Fig. 1 is a sectional view showing the first embodiment of the solar radiation shielding material of the present invention, Fig. 2 is a sectional view showing the second embodiment, Fig. 3 is a graph showing the characteristics of the fluororesin layer, and Fig. 4 is a graph showing the characteristics of the aluminum vapor deposited layer, the fifth
The figure is a graph showing the characteristics of the selective transmission layer, and FIGS. 6 and 7 are explanatory diagrams explaining the radiant energy balance of a black body. 1...Glass, 2...Aluminum vapor deposition layer, 3
...Fluororesin layer, 4...Selective transmission layer, 5...Radiant heat, 6...Radiant heat, 7...Minute unevenness.

Claims (1)

[Claims for Utility Model Registration] (1) An ultra-thin reflective layer made of aluminum evaporation that is transparent to visible light is provided on the outdoor side of a transparent substrate such as glass, and an ultra-thin reflective layer is provided on the outdoor side of the reflective layer.
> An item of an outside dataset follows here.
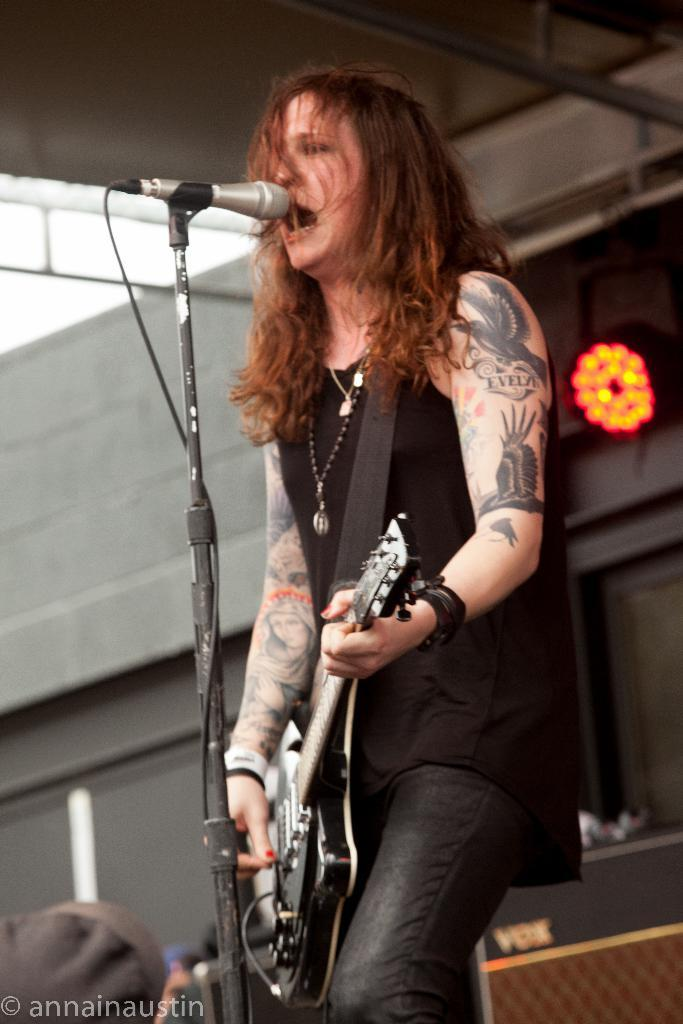What is the main subject of the image? The main subject of the image is a woman. What is the woman doing in the image? The woman is standing at the center of the image, holding a guitar in her hand, and singing on a microphone. What can be seen in the background of the image? There is a lighting arrangement in the background of the image. How many dogs are playing with the monkey in the image? There are no dogs or monkeys present in the image. The image features a woman holding a guitar and singing on a microphone, with a lighting arrangement in the background. 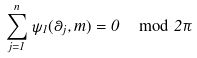<formula> <loc_0><loc_0><loc_500><loc_500>\sum _ { j = 1 } ^ { n } \psi _ { 1 } ( \theta _ { j } , m ) = 0 \, \mod 2 \pi</formula>

A selective emission layer made of fluororesin that transmits visible light and selectively emits long waves in the wavelength range of 8 to 13 μm is provided. 1. A solar radiation shielding material comprising a selectively transmitting layer that is transparent and has a low emissivity in the long wavelength region of the infrared region, and further comprising a light diffusion means provided on the layer or the base. (2) The solar radiation shielding material according to claim 1, wherein the light diffusion means forms fine irregularities on the layer surface or the base surface. (3) The solar radiation shielding material according to claim 1, in which the light diffusion means includes emulsion particles mixed into the layer.